Илзе вздохнула с облегчением и подала мне знак, чтобы я освободила место у кровати; я осторожно вытянула онемевшую руку и бережно опустила бабушкину голову на подушки. Она, казалось, дремала; во всяком случае, она никак не отреагировала, когда дверь отворилась и прибывшие вошли в комнату.
Это был старый священник из соседней деревни, в полном церковном облачении; за ним, сдёрнув с головы шапку, почтительно следовал Хайнц. Священник, в чёрной сутане и с молитвенником в руках, выглядел очень внушительно. Но Илзе вскинулась, как будто она увидела призрак; она кинулась к ним, подавая знаки, чтобы они ушли, но было уже поздно — в этот самый момент, словно почувствовав на себе взгляды вошедших, бабушка открыла глаза.
Я отшатнулась — так резко напряглось её лицо, только что такое расслабленное и спокойное в моих объятьях.
— Чего хочет этот поп? — выдохнула она.
— Дать вам утешение, в котором вы нуждаетесь, — мягко ответил старый священник, нисколько не смущённый её грубым обращением.
— Утешение? … Я уже нашла его в невинном детском сердце, в любви, которая не спрашивает: во что ты веришь? И что ты мне за это дашь?… Леонора, дитя моё, где ты?
От тоски и нежности в её голосе у меня сжалось сердце. Я быстро встала у изножья кровати, чтобы она меня видела.

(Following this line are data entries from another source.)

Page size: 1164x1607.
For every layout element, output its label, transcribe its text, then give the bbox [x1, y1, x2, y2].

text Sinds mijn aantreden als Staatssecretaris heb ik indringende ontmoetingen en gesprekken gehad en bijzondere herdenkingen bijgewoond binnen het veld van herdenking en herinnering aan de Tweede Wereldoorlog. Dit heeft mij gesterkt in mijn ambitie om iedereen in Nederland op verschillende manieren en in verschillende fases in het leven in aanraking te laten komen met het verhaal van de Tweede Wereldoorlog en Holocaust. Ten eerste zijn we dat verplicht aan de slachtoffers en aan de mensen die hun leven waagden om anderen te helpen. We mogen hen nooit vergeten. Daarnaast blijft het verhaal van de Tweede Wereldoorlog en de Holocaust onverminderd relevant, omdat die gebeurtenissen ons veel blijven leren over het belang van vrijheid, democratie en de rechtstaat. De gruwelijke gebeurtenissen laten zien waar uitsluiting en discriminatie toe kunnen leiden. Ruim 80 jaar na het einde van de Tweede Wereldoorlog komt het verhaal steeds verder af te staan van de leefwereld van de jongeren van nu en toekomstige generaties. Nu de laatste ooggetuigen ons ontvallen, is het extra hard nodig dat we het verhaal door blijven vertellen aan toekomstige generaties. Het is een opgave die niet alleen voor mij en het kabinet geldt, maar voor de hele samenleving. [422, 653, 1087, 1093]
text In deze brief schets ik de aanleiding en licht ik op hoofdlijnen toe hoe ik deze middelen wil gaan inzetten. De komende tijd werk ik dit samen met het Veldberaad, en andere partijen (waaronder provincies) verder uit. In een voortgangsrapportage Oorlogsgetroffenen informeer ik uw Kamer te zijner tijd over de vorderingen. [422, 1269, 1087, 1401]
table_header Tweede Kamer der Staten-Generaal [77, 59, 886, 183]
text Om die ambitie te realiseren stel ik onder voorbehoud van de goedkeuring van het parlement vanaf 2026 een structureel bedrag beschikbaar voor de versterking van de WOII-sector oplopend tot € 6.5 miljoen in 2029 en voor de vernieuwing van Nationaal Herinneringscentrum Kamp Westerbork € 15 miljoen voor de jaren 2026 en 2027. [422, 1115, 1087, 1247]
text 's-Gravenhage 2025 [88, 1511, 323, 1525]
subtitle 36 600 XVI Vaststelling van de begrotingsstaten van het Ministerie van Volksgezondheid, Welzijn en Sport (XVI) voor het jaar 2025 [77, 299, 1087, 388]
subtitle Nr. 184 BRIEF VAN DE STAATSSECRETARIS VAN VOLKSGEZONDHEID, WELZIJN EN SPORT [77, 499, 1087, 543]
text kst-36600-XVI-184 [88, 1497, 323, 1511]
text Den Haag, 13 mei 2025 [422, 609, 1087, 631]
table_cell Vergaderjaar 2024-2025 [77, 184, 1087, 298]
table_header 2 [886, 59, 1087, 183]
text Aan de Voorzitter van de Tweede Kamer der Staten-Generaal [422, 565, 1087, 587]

— Вы не можете дать мне утешения — вы, которые вышвырнули меня в ужасную пустыню, где палящий зной иссушил мой мозг! — продолжала она, повернувшись к священнику. — Вы не дали мне ни капли освежающей прохлады на пути, который сейчас, как вы учите, ведёт в ад!.. Вы, нетерпеливые, бахвалитесь, что в смирении предстанете перед Богом, и одновременно держите в руках камень, чтобы бросить его в ближнего! Вы имеете неслыханную дерзость вершить суд на могилах умерших, которые уже предстали перед высшим судией!.. Вы — лжепророки, вы утверждаете, что молитесь богу добра и милосердия, и при этом делаете его знаменем кровавых битв и сражений, свирепым и ярым божеством, как и народ евреев, который вы зовёте проклятым!.. Вы превозносите бога и при этом приписываете ему все недостатки вашей грешной натуры: мстительность, жажду власти, ледяную лютость… Ваш бог вложил вам в руки пальмовую ветвь, но вы сделали из неё бич!..

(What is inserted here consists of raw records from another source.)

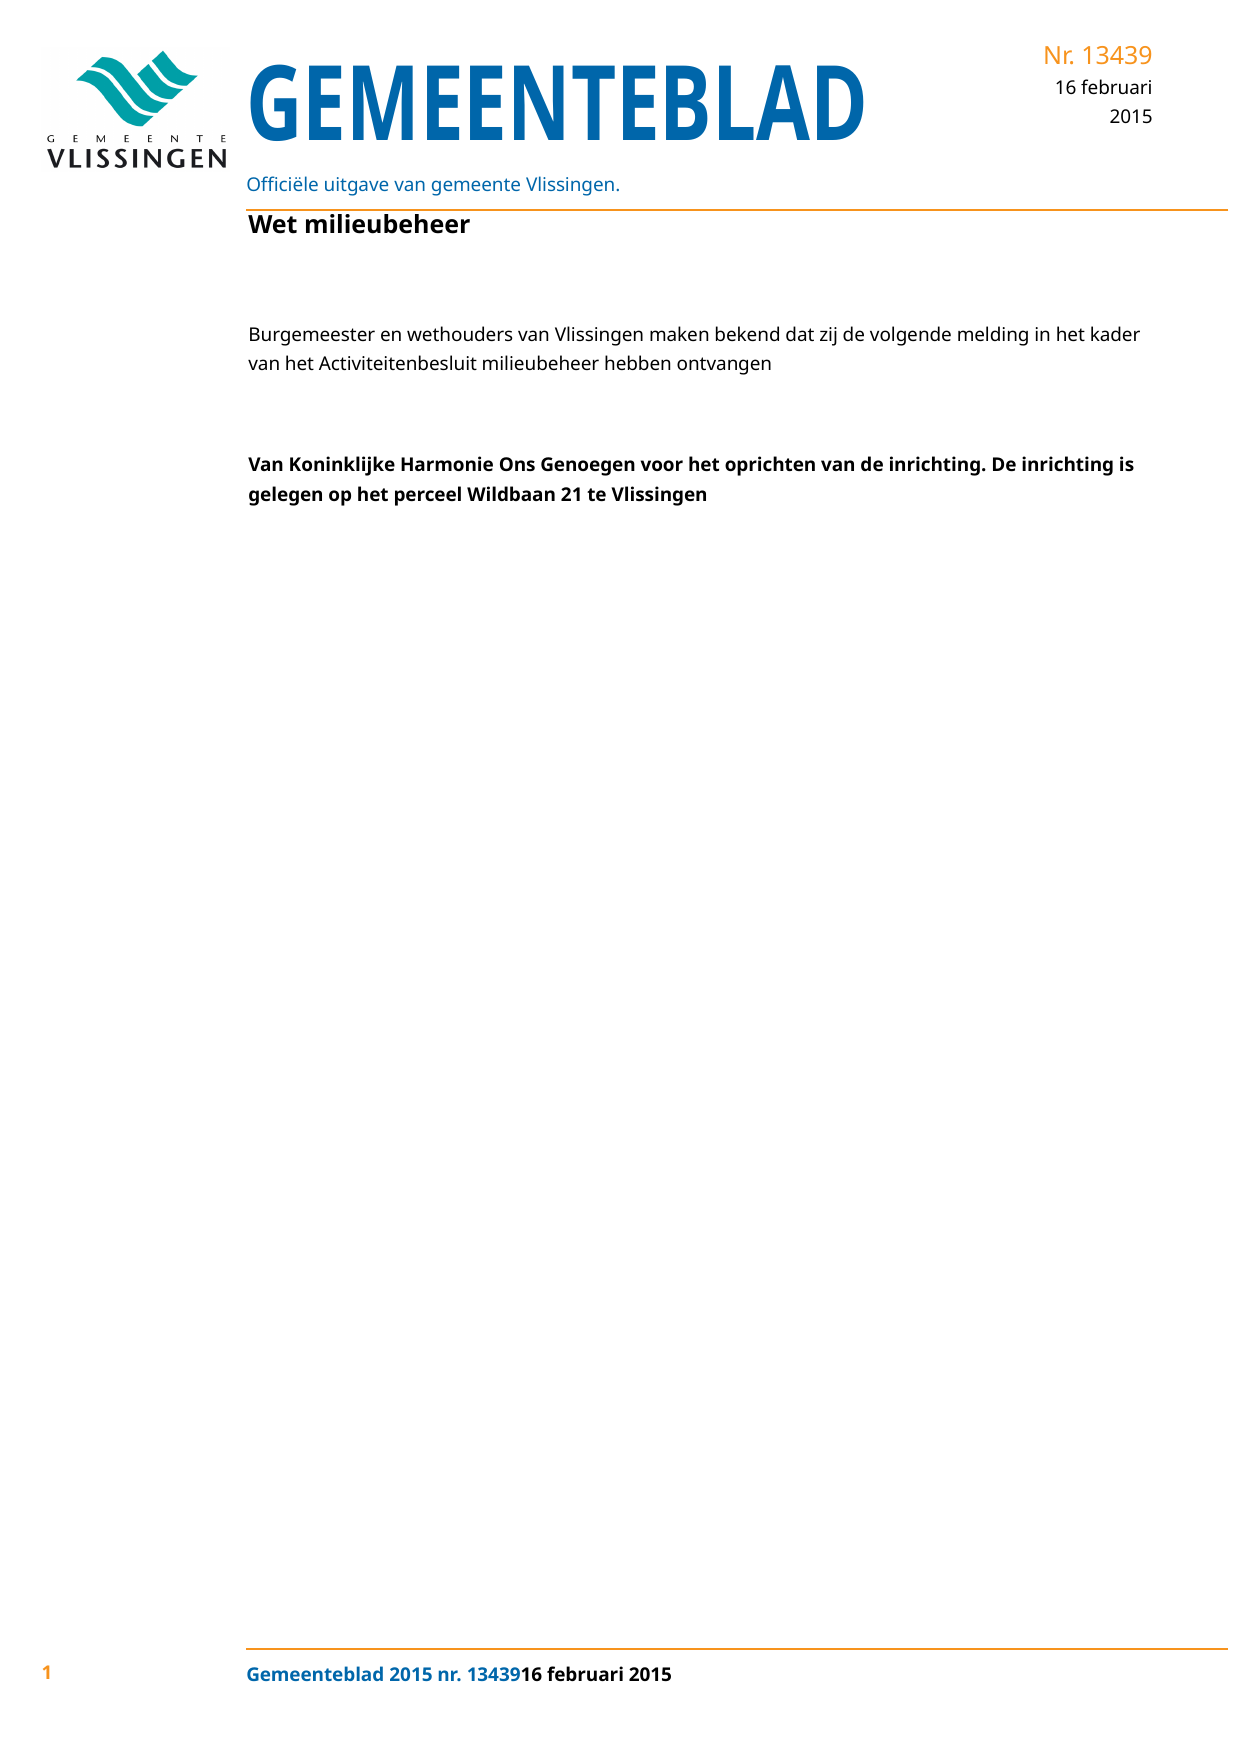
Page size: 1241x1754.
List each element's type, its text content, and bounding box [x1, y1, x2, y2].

text Burgemeester en wethouders van Vlissingen maken bekend dat zij de volgende melding in het kader van het Activiteitenbesluit milieubeheer hebben ontvangen [248, 321, 1152, 376]
text Wet milieubeheer [248, 211, 1152, 241]
text Van Koninklijke Harmonie Ons Genoegen voor het oprichten van de inrichting. De inrichting is gelegen op het perceel Wildbaan 21 te Vlissingen [248, 451, 1152, 506]
picture [41, 47, 231, 172]

Священник поднял руку, словно хотел что-то сказать, но она продолжала с лихорадочной страстью:
— И этим бичом вы стегали меня и прогнали меня с вашего неба, твердя при этом: твой отец, еврей, который дал тебе жизнь, твоя мать, еврейка, что выкормила тебя, прокляты вечно!.. Мой отец был мудрейший человек. Он собрал и сохранил в своей душе огромные знания — и всё это пропадёт в аду, в то время как духовные инвалиды, которые никогда не думали и ни во что не верили, безо всяких усилий попадут на небо, где пытливым душам обещаны ясность и истина?.. И мой отец — продолжала она — разламывал свой хлеб и раздавал голодным, говоря при этом, что левая рука не знает, что творит правая… Он презирал грех и ложь, жадность и высокомерие, прощал оскорблявшим его и никогда не мстил за то, что ему причинили — он от всего сердца любил Бога, господа своего, любил от всей души, — и он должен томиться в аду до скончания времён, только потому, что ему на лоб не лили крестильную воду?.. Я хочу туда, где он — я возвращаю вам ваше крещение! Берите себе своё небо — вы продаёте его достаточно дорого, тираны в чёрных одеждах!
С глубоким состраданием на мягком лице старый священник подошёл ближе к кровати; но никакое примирение больше не было возможно.
— Оставьте — я всё сказала! — промолвила она решительно и отвернула лицо к стене.